=== Dataset excerpts ===
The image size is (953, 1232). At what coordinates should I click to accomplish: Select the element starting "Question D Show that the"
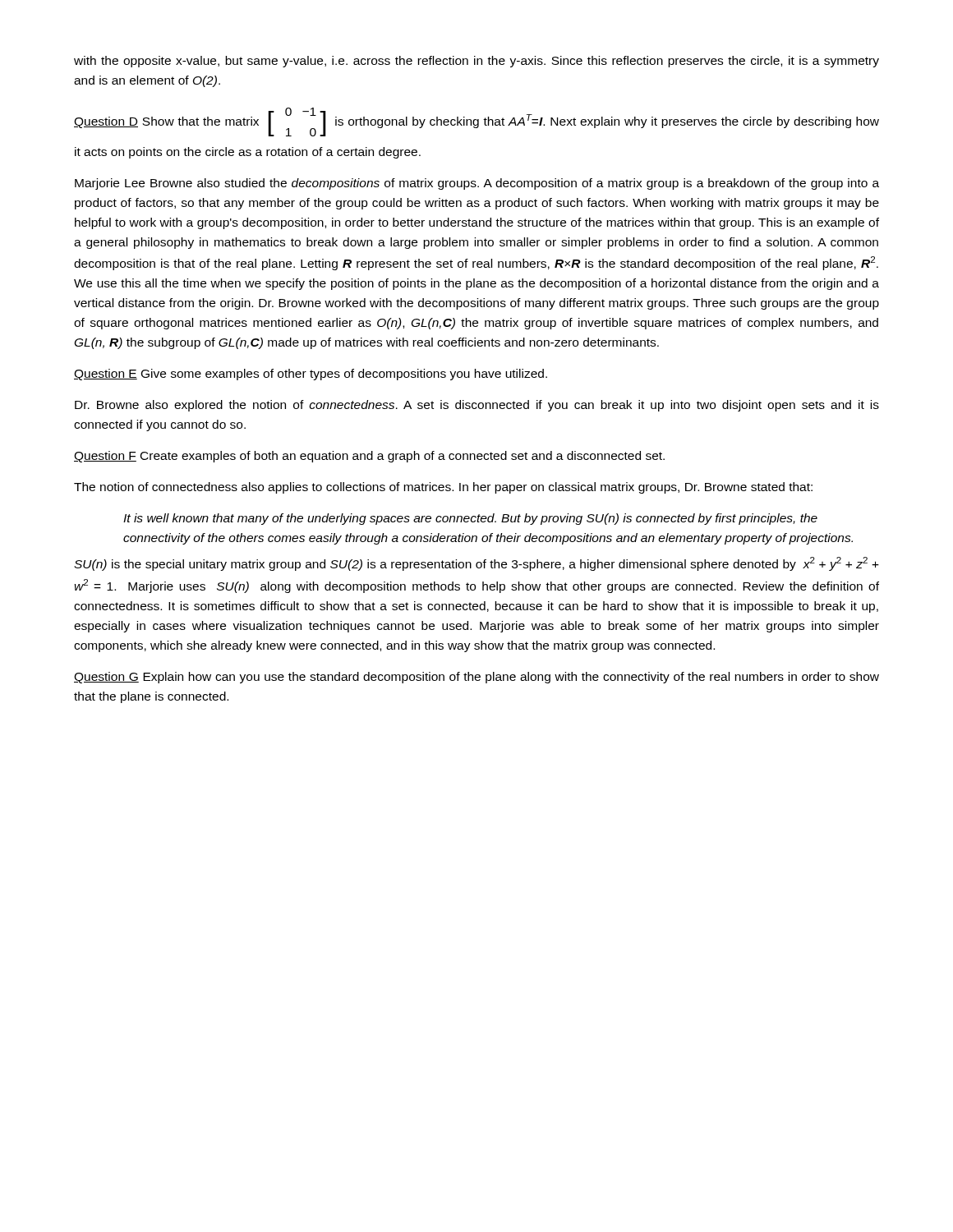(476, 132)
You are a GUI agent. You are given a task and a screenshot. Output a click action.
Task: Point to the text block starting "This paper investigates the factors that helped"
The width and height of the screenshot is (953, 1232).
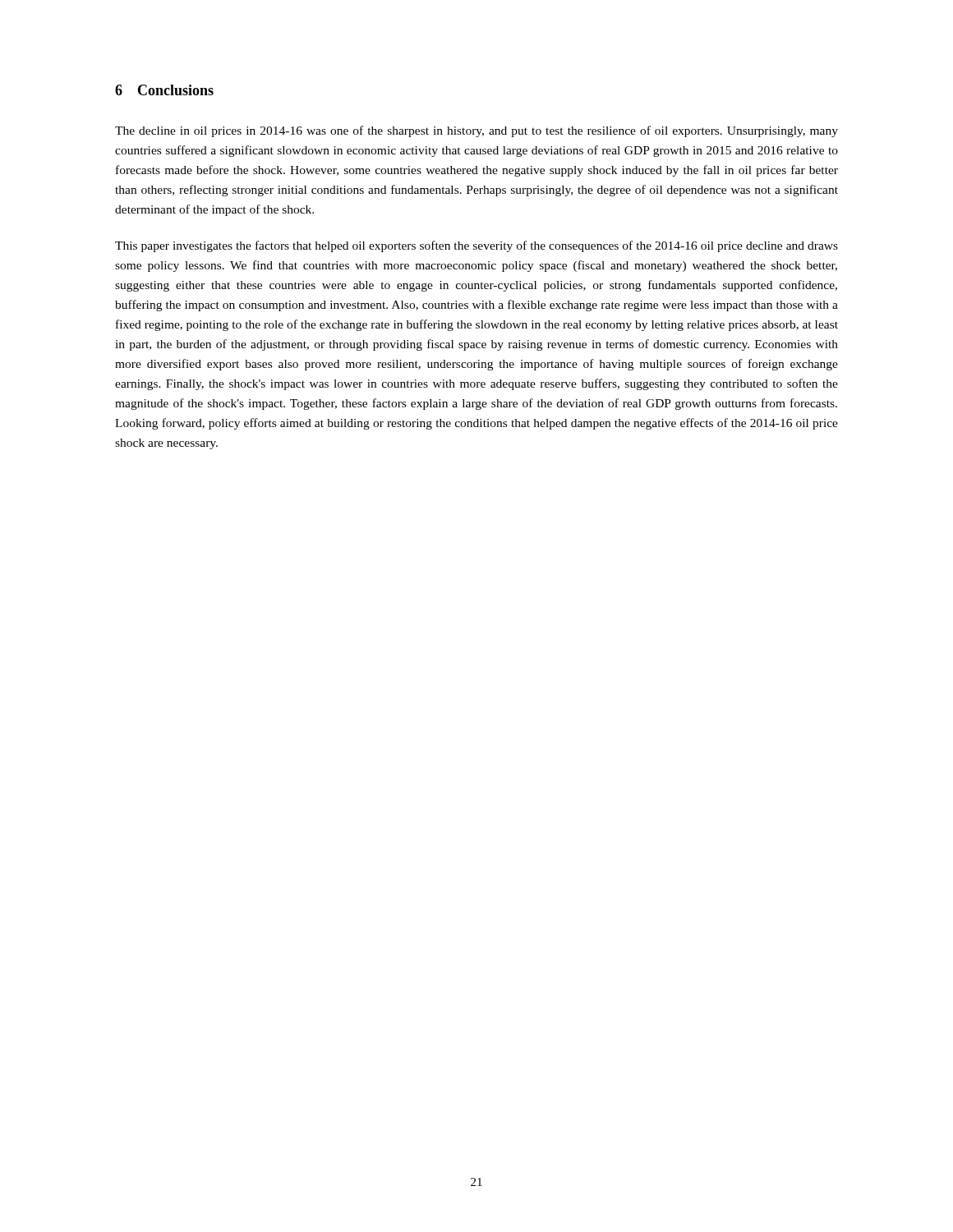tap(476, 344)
===
* [Exercise details]: Only an exact copy of the entries, with no pictures, is expected as the answer.

* [Answer to the exercise]:
The image size is (953, 1232). At what coordinates should I click to accomplish: Select the element starting "Question D Show that the"
(476, 132)
You are a GUI agent. You are given a task and a screenshot. Output a click action.
Task: Point to the text block starting "This paper investigates the factors that helped"
The width and height of the screenshot is (953, 1232).
tap(476, 344)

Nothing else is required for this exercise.